Would the kids have chosen to explore this boat without the egging on of the filmmakers? Would they even have been in its vicinity to consider it? Questions about the literal truth of Tchoupitoulas are thorny and perhaps besides the point. After all, the filmmakers aren't hiding the artifice. Early on, the boys ride over to New Orleans on the Algiers Ferry; before the film is halfway through, they race back to the station to catch the last boat home. They miss it and then mope about, uncertain of what to do: call their folks? Spend the night on the streets? Never do we see them do what, if this were "true," anyone would: Ask for help from the guys with the movie cameras.
If you can get over that meta-factual weirdness, though, the film is rich with pleasures.
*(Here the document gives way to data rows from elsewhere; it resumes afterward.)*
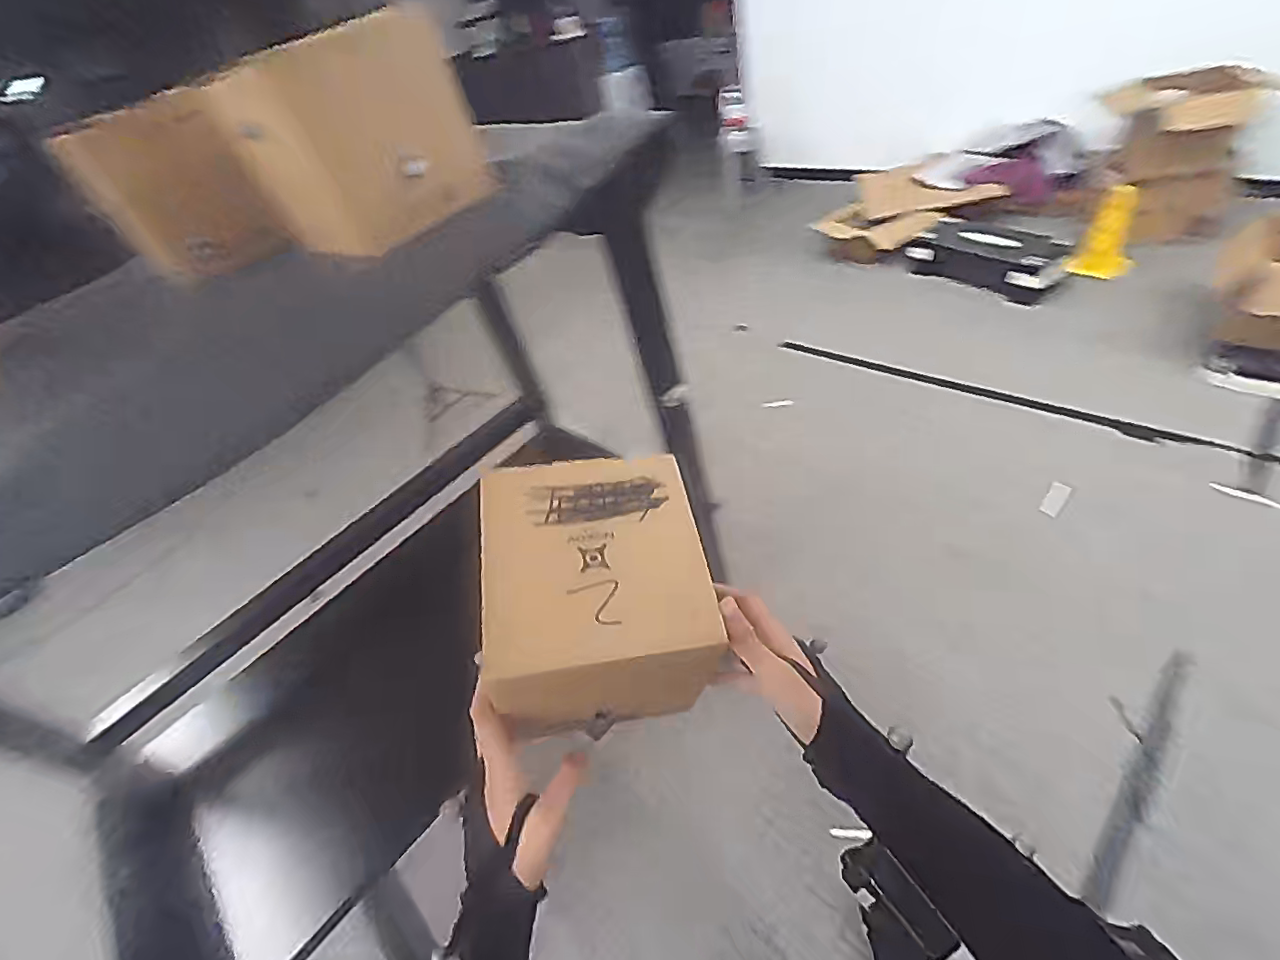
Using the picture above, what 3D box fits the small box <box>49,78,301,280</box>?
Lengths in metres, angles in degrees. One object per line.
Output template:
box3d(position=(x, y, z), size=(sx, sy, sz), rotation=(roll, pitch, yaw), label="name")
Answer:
box3d(position=(-0.569, -0.373, 0.681), size=(0.179, 0.176, 0.168), rotation=(24, 58, 36), label="small box")

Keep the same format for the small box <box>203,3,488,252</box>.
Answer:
box3d(position=(-0.299, -0.360, 0.573), size=(0.179, 0.176, 0.168), rotation=(21, 57, 36), label="small box")

William occasionally narrates his dreams: Not only will he learn to fly, but he also says, "I'll be the first person with a star on the walk of fame for flying." The Rosses sometimes leave the boys behind and venture off into the nightlife: We see strippers in a dressing room parsing the lyrics of "Iko Iko"; we see a flirtatious oyster shucker joke with the sweetest of old women that shellfish "is gonna make you rock and roll, baby." She sniffs back, "I'm not worried about that."
The Rosses offer little context. There's no talk of Katrina or the city's class and racial divides or why sometimes the film is set during Mardi Gras and other times it isn't. There's just New Orleans and a trio of likable kids, trooping through it, finding every marvel.